Hector the Dachshund had quickly learned about the IMPORTANT issue of going outside in order to urinate and defecate. The family had gone on and on about this particular behaviour right from the moment he had come into the house as a youngster. The family understood that he did not have much control at first, but before too much time went by, Hector became more capable of controlling himself and understood where the home boundaries were compared to the outside areas in which he was allowed to relieve himself.
Hector also had a brief period as a puppy of piddling. This occurred when he was anxious or frightened or overly excited about particular situations. It sometimes occurred when his owners returned to the house, or new people came into the house or if he was disciplined. Hector had no control over this behaviour because it is the proper way puppies are to expected to show respect to their elders in a dog pack. It is the puppies way of saying I am being submissive!, Dont attack me!. Again, Hector was lucky because his family understood this and simply ignored the behaviour. They also made efforts to help Hector by not making greetings too exciting and waiting until he was quiet before they paid attention to him.

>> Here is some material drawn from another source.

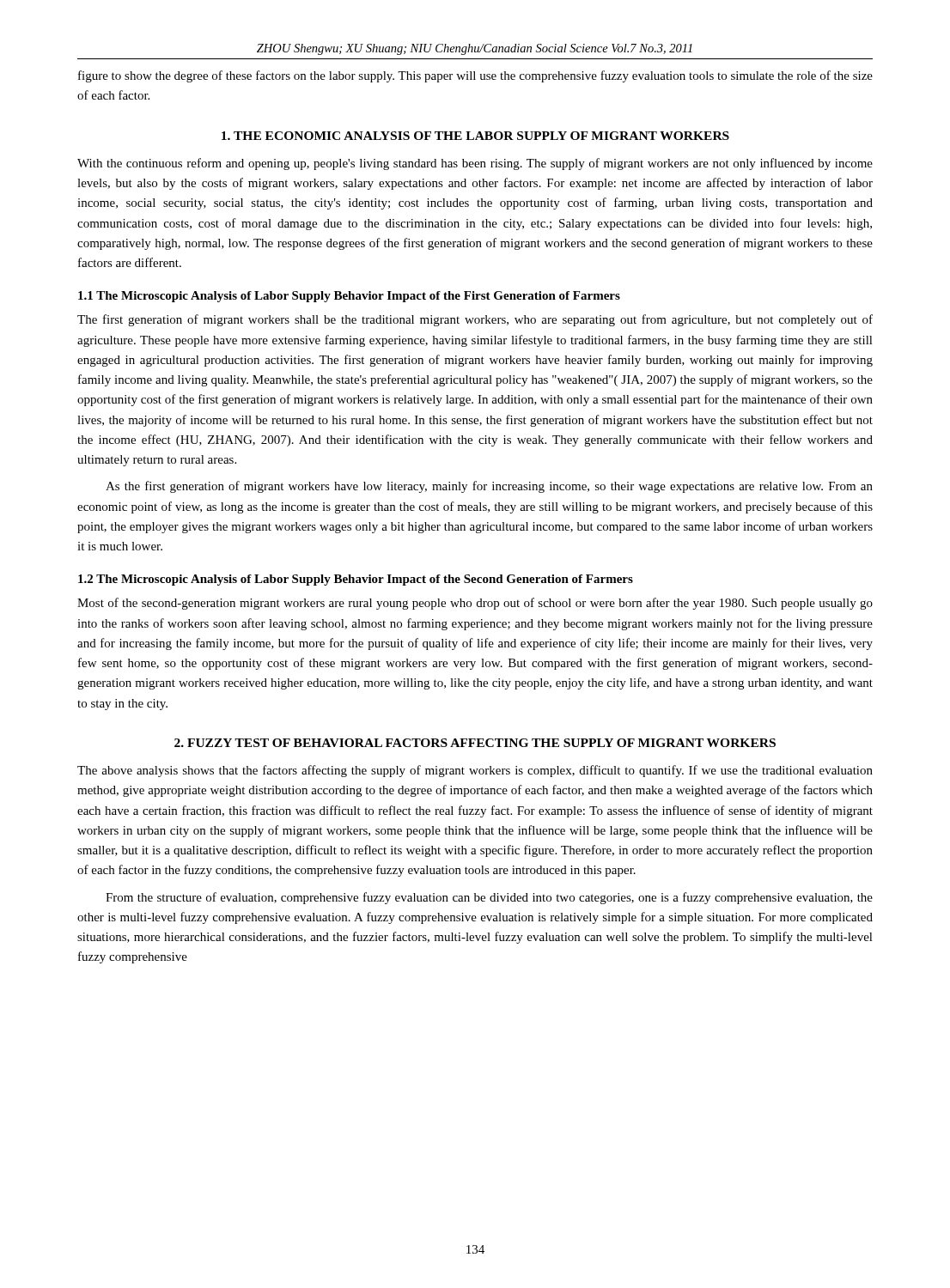The image size is (950, 1288).
Task: Point to the text block starting "From the structure of evaluation, comprehensive"
Action: (x=475, y=927)

Hector had also made an early, major mistake of urinating in his families bed. Although this never happened again, it may have been an early effort at marking an important item in order to possess it. The family made it very clear to Hector that the bed belonged to them and his possessing it in such a manner was not on! He gave up on this item but it may have been a portent of things to come.
Hector was growing up and beginning to do a lot of things that grown up dogs do. Hectors family did not want to neuter Hector because they did not want him to change. They liked Hector exactly they way he was. Until he began to urinate on upright surfaces in the house. This behaviour is what is called sexually dimorphic behaviour in that it usually occurs in uncastrated, male dogs. Sexually dimorphic simply means that the behaviour is controlled by the sexual biology of the animal, in this case, the hormone testosterone. It is an effort by the male dog to mark his territoryagainst other males and if it is going to be a problem, it will usually start when or slightly after the young dog begins to lift his leg to urinate. Lifting the leg is also sexually dimorphic behaviour.
Lifting the leg to urinate on vertical surfaces in the house should be differentiated from housetraining problems or piddling as described above. It will usually occurs in un-castrated, young males who have previously been well behaved in the house but has also been observed in castrated males and in females, as well. There is a tendency for the marking to be near the entrances to the house; i.e. a message left by the dog showing possession of the house. Close study of the dogs behaviour may reveal the stimuli triggering the urination. It may occur if a visitor arrives or when the dog is allowed in a room it does not often visit. Once used, the dog will have a tendency to be drawn back to the same spot. The behaviour can also be linked to a lack of a consistent hierarchy within the dogs household pack. Sometimes if the status of various members of the family pack is not settled, the dog will mark various objects of individuals in order to possess the item and therefore gain rank.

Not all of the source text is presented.